**TASK DESCRIPTION:** Go through the entries below. Copy each line in which "listed" appears.

______________________________

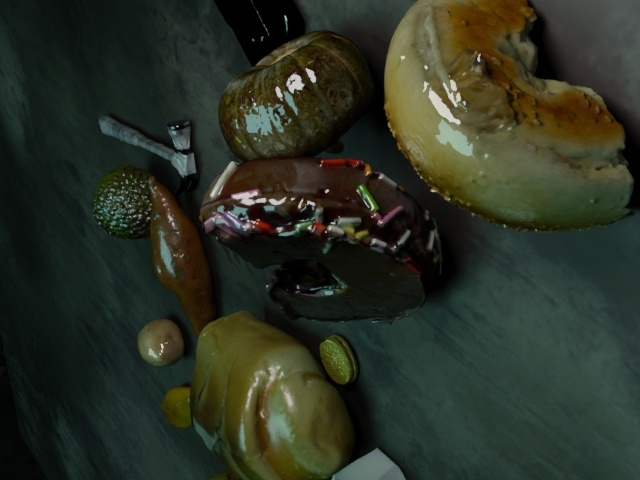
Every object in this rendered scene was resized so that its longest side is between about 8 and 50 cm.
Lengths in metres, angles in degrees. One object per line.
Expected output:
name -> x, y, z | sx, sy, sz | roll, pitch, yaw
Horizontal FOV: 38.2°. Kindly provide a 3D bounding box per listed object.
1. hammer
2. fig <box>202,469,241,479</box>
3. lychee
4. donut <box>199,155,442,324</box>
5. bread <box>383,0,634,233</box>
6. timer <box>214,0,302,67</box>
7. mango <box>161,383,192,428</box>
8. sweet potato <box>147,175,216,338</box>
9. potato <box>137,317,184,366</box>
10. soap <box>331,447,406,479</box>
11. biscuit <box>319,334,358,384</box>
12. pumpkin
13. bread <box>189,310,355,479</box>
hammer -> -0.362, -0.210, 1.894 | 0.427, 0.044, 0.152 | 29, 132, 50
fig -> -0.210, 0.566, 2.010 | 0.154, 0.144, 0.166 | 56, 130, 51
lychee -> -0.385, -0.075, 1.902 | 0.171, 0.171, 0.171 | 35, 135, 44
donut -> 0.023, 0.000, 1.189 | 0.259, 0.345, 0.136 | -6, 63, 24
bread -> 0.167, -0.118, 0.946 | 0.314, 0.192, 0.171 | 55, 146, 22
timer -> -0.102, -0.347, 1.377 | 0.187, 0.055, 0.144 | 61, 148, 13
mango -> -0.318, 0.387, 2.159 | 0.187, 0.066, 0.101 | -30, 82, 51
sweet potato -> -0.278, 0.043, 1.840 | 0.112, 0.112, 0.359 | 5, 116, 57
potato -> -0.364, 0.232, 2.100 | 0.147, 0.112, 0.112 | 10, 116, 64
soap -> 0.087, 0.528, 1.536 | 0.208, 0.115, 0.347 | 33, 134, 44
biscuit -> 0.030, 0.197, 1.520 | 0.084, 0.023, 0.084 | 36, 136, 44
pumpkin -> -0.025, -0.173, 1.212 | 0.162, 0.219, 0.219 | 55, 154, -19
bread -> -0.092, 0.314, 1.599 | 0.341, 0.210, 0.301 | 25, 132, 53
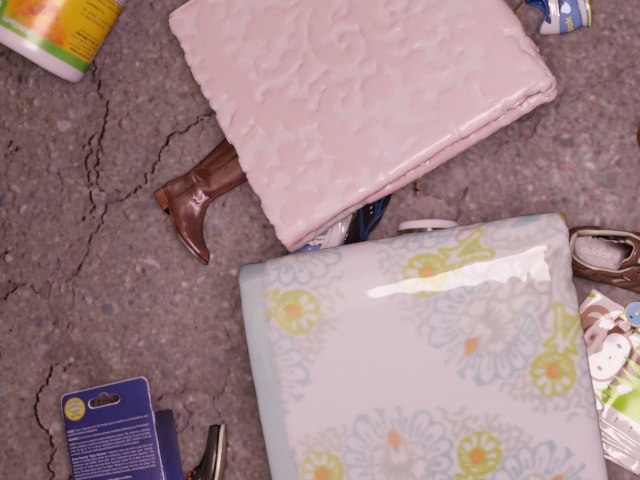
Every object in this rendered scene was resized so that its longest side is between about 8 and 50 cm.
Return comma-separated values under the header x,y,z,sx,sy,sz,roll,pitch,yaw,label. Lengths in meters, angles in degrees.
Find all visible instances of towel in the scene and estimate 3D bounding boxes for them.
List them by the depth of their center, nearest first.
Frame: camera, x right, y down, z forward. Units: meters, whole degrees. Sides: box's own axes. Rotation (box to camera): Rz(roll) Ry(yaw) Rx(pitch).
x,y,z,sx,sy,sz,roll,pitch,yaw,label
0.104,0.180,1.139,0.320,0.090,0.375,-10,95,7,towel
0.032,-0.193,1.214,0.317,0.053,0.332,-32,62,10,towel

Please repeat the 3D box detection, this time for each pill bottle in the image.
x,y,z,sx,sy,sz,roll,pitch,yaw,label
0.111,0.039,1.201,0.065,0.065,0.116,-2,83,13,pill bottle
-0.265,-0.309,1.294,0.136,0.136,0.246,30,91,15,pill bottle

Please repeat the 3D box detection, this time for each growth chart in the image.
x,y,z,sx,sy,sz,roll,pitch,yaw,label
0.283,0.136,1.173,0.237,0.021,0.172,21,88,14,growth chart

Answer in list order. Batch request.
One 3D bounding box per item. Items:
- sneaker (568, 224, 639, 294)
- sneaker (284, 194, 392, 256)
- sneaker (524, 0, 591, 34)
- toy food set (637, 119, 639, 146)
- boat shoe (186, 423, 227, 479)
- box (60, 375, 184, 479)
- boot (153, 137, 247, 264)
x,y,z,sx,sy,sz,roll,pitch,yaw,label
0.322,0.026,1.148,0.188,0.071,0.066,8,85,15,sneaker
0.000,0.000,1.235,0.081,0.080,0.211,26,86,30,sneaker
0.229,-0.277,1.214,0.059,0.053,0.144,-22,78,13,sneaker
0.426,-0.119,1.121,0.232,0.104,0.111,13,87,15,toy food set
-0.123,0.257,1.242,0.042,0.049,0.133,10,91,6,boat shoe
-0.202,0.262,1.246,0.136,0.036,0.225,-16,81,34,box
-0.111,-0.045,1.282,0.114,0.037,0.106,-34,80,3,boot
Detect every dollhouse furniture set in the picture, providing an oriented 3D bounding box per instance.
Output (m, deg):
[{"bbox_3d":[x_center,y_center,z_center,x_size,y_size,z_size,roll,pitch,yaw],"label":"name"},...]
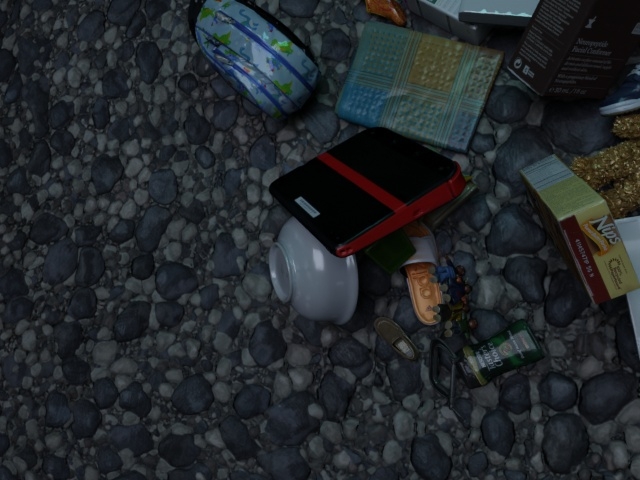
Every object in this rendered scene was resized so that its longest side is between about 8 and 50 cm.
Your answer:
[{"bbox_3d":[0.186,-0.104,1.282,0.301,0.151,0.197,-43,53,4],"label":"dollhouse furniture set"}]

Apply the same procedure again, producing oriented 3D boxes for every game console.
[{"bbox_3d":[0.095,-0.125,1.262,0.342,0.060,0.386,-32,35,-11],"label":"game console"}]

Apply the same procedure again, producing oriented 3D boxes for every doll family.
[{"bbox_3d":[0.306,0.128,1.270,0.076,0.111,0.193,1,95,55],"label":"doll family"}]

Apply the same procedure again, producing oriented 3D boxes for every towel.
[{"bbox_3d":[0.240,-0.390,1.407,0.370,0.040,0.272,21,92,21],"label":"towel"}]

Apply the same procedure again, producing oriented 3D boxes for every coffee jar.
[{"bbox_3d":[0.389,0.253,1.230,0.184,0.079,0.096,-31,72,16],"label":"coffee jar"}]

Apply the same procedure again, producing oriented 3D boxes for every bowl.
[{"bbox_3d":[-0.036,0.065,1.308,0.134,0.298,0.298,-10,75,-22],"label":"bowl"}]

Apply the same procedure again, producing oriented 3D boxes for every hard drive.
[{"bbox_3d":[0.449,-0.630,1.271,0.202,0.040,0.308,12,76,18],"label":"hard drive"}]

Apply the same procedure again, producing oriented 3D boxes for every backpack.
[{"bbox_3d":[-0.163,-0.481,1.464,0.355,0.290,0.273,25,86,14],"label":"backpack"}]

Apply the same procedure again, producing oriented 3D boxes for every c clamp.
[{"bbox_3d":[0.286,0.302,1.247,0.022,0.137,0.161,-10,105,-21],"label":"c clamp"}]

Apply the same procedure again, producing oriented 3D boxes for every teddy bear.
[{"bbox_3d":[0.693,-0.160,1.151,0.337,0.113,0.245,-11,81,20],"label":"teddy bear"}]

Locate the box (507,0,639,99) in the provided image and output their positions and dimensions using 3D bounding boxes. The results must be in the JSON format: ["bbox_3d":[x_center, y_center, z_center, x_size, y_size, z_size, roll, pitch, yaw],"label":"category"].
[{"bbox_3d":[0.557,-0.478,1.096,0.143,0.191,0.382,-118,33,-41],"label":"box"}]

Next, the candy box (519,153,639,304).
[{"bbox_3d":[0.488,-0.035,1.079,0.087,0.316,0.183,-25,107,16],"label":"candy box"}]

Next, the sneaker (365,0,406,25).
[{"bbox_3d":[0.163,-0.612,1.466,0.067,0.064,0.175,-51,61,28],"label":"sneaker"}]

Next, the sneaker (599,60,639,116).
[{"bbox_3d":[0.692,-0.373,1.151,0.282,0.099,0.153,-25,100,4],"label":"sneaker"}]

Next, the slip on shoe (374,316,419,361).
[{"bbox_3d":[0.180,0.236,1.337,0.051,0.041,0.135,-46,69,10],"label":"slip on shoe"}]

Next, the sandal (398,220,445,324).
[{"bbox_3d":[0.236,0.067,1.320,0.101,0.076,0.265,-19,75,18],"label":"sandal"}]

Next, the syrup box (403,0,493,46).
[{"bbox_3d":[0.316,-0.586,1.372,0.237,0.096,0.093,39,95,21],"label":"syrup box"}]

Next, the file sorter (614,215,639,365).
[{"bbox_3d":[0.687,0.092,1.082,0.192,0.173,0.278,-10,79,19],"label":"file sorter"}]
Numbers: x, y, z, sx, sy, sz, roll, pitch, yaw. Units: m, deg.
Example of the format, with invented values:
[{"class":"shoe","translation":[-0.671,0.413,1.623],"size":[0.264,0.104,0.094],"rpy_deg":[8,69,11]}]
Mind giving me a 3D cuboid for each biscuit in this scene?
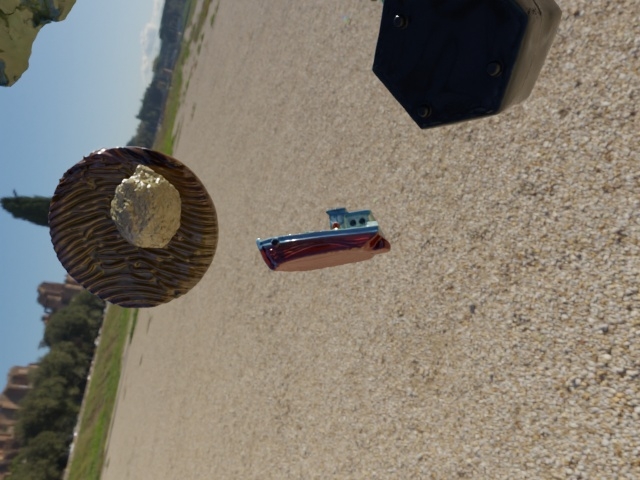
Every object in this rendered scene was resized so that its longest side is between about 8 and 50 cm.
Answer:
[{"class":"biscuit","translation":[-0.353,-0.020,0.953],"size":[0.040,0.317,0.318],"rpy_deg":[-102,29,-75]}]

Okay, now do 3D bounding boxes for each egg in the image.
[{"class":"egg","translation":[-0.299,-0.054,0.864],"size":[0.118,0.116,0.140],"rpy_deg":[99,161,-67]}]

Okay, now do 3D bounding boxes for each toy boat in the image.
[{"class":"toy boat","translation":[0.000,0.000,0.631],"size":[0.069,0.172,0.059],"rpy_deg":[47,-145,-65]}]

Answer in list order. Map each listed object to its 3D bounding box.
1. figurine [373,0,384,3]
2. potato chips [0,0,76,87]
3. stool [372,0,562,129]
[{"class":"figurine","translation":[0.162,-0.426,0.892],"size":[0.178,0.144,0.114],"rpy_deg":[54,-147,-57]},{"class":"potato chips","translation":[-0.332,-0.158,0.208],"size":[0.373,0.389,0.097],"rpy_deg":[-16,75,20]},{"class":"stool","translation":[0.191,-0.271,0.687],"size":[0.232,0.141,0.232],"rpy_deg":[23,128,32]}]

______________________________

**EXERCISE RESPONSE:**
Horizontal FOV: 38.2°. Kindly provide a 3D bounding box per listed object.
Answer in list order. Map each listed object to its 3D bounding box.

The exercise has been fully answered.